2. The execution control method for intelligent adaptive soft landing of offshore wind turbine installation according to claim 1, characterized in that, In step 1, the intelligent control module includes an embedded controller and an adaptive algorithm module running on the embedded controller. The embedded controller is connected to the dynamic sensing module. The embedded controller is used to receive sea state, wind turbine attitude, descent speed and buffer system status parameters transmitted by the dynamic sensing module as data of the sensing module, and calculates the optimal buffer parameters through the adaptive algorithm of the adaptive algorithm module, and sends control commands to the adaptive execution module connected to the embedded controller. The embedded controller is also used to transmit the sensing module data to the display screen connected to it for display.

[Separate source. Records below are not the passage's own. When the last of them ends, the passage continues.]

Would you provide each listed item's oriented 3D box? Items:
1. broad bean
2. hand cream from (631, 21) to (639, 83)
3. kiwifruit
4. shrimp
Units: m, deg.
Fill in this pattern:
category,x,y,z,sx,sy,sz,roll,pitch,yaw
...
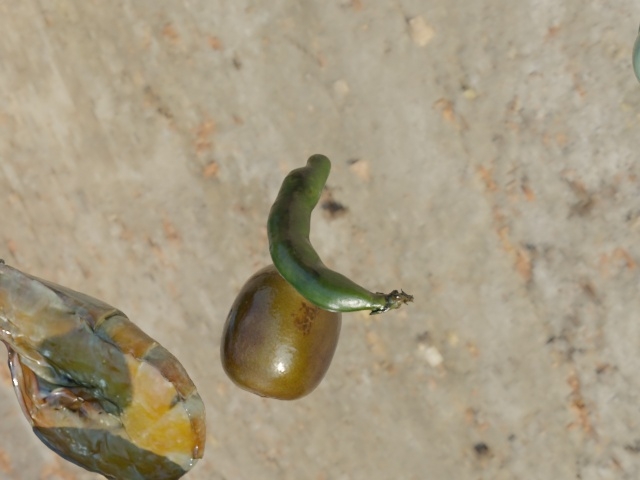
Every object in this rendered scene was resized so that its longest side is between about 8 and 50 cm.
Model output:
category,x,y,z,sx,sy,sz,roll,pitch,yaw
broad bean,0.000,0.000,1.690,0.049,0.144,0.292,94,154,-47
hand cream,0.359,-0.245,1.201,0.093,0.306,0.147,21,139,7
kiwifruit,-0.062,0.144,2.120,0.196,0.234,0.196,23,170,4
shrimp,-0.237,0.108,1.147,0.317,0.062,0.164,35,116,6
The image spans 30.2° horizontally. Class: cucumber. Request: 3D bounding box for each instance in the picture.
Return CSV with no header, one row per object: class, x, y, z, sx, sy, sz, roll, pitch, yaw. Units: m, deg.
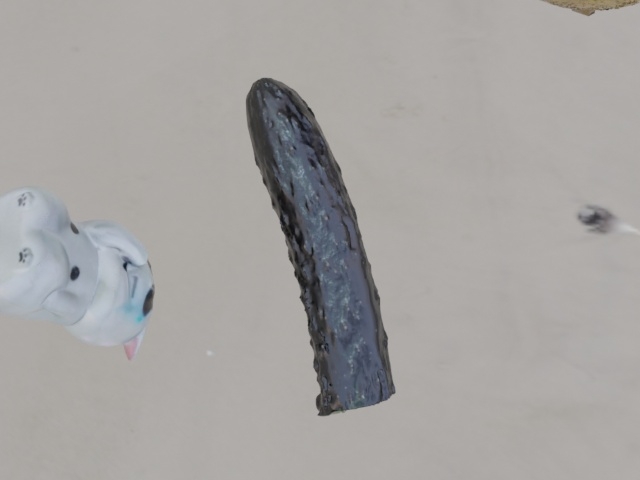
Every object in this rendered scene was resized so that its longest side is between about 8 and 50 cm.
cucumber,0.000,0.000,1.050,0.081,0.072,0.303,-13,90,-4

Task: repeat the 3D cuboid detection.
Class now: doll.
doll,-0.215,0.028,1.020,0.180,0.107,0.110,26,47,-42

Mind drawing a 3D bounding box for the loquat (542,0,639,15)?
loquat,0.228,-0.302,0.974,0.235,0.235,0.235,-3,96,-27
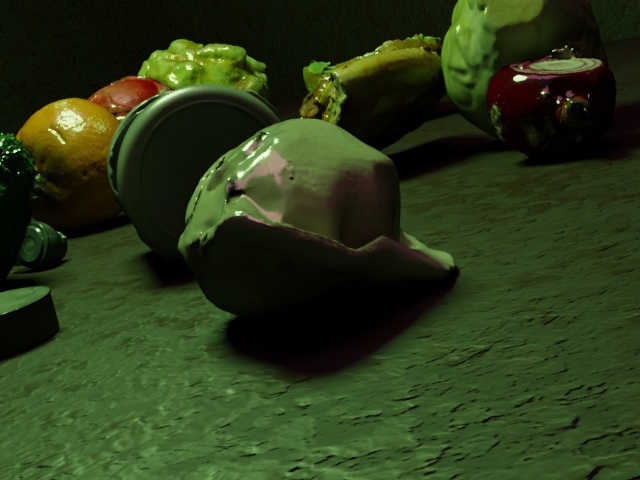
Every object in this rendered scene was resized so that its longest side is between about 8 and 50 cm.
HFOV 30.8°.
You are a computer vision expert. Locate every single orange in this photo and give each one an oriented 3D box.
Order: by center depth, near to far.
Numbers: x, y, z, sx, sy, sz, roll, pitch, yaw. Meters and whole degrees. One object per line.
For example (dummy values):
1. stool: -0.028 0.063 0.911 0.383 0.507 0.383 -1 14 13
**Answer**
1. orange: -0.408 -0.121 1.898 0.224 0.224 0.170 -7 17 29
2. orange: 0.115 -0.332 2.419 0.263 0.196 0.334 -3 8 -33

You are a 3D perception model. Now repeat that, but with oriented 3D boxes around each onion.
1. onion: 0.312 -0.163 1.526 0.173 0.135 0.198 -11 26 -1

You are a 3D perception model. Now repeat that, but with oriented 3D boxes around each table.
1. table: -0.339 0.087 1.196 0.133 0.043 0.133 -12 11 2

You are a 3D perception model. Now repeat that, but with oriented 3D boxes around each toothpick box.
1. toothpick box: -0.153 -0.083 1.469 0.229 0.229 0.316 -16 9 -12

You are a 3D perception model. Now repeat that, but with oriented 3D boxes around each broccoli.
1. broccoli: -0.521 -0.043 1.496 0.297 0.297 0.297 -47 2 3

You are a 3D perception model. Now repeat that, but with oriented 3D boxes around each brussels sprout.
1. brussels sprout: 0.307 -0.283 1.730 0.243 0.273 0.316 9 12 17

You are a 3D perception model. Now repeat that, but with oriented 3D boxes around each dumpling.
1. dumpling: 0.000 0.000 1.051 0.243 0.187 0.318 25 18 -7

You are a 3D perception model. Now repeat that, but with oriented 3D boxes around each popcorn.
1. popcorn: -0.241 -0.282 2.359 0.274 0.279 0.335 -53 -12 6

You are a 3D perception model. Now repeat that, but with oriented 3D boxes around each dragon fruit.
1. dragon fruit: -0.342 -0.182 2.123 0.252 0.241 0.241 -29 14 -12

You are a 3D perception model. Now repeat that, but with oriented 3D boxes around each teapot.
1. teapot: -0.396 0.012 1.637 0.088 0.066 0.057 -33 -20 29

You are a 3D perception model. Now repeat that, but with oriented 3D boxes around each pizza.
1. pizza: 0.078 -0.209 1.819 0.278 0.114 0.409 -36 -13 23
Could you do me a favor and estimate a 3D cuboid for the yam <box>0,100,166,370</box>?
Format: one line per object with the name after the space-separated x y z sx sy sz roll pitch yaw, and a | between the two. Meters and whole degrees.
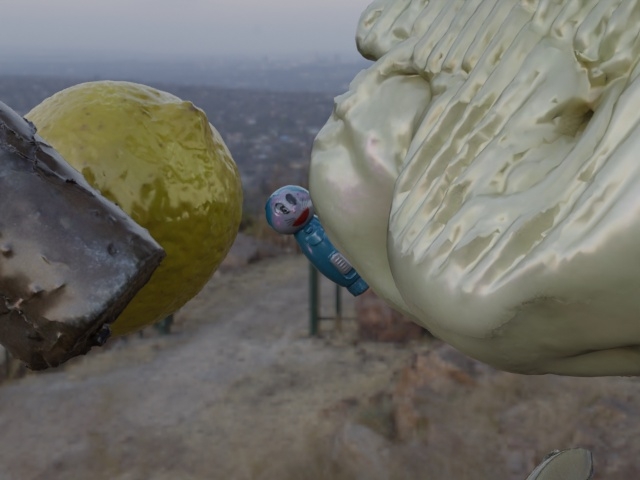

3. The execution control method for intelligent adaptive soft landing of offshore wind turbine installation according to claim 2, characterized in that, In step 1, the adaptive execution module is used to adjust the buffer performance according to control instructions, which includes: The variable throttling unit is a conical throttling valve core driven by a stepper motor, which is connected to an embedded controller; The energy storage pressure regulation unit consists of an electromagnetic proportional valve, a make-up air pump, and a pressure relief valve. Both the electromagnetic proportional valve and the make-up air pump are connected to an embedded controller. The embedded controller regulates the real-time pressure of the energy storage component by controlling the opening of the proportional valve. ; The auxiliary buffer unit consists of an electromagnetic overflow valve connected to an embedded controller.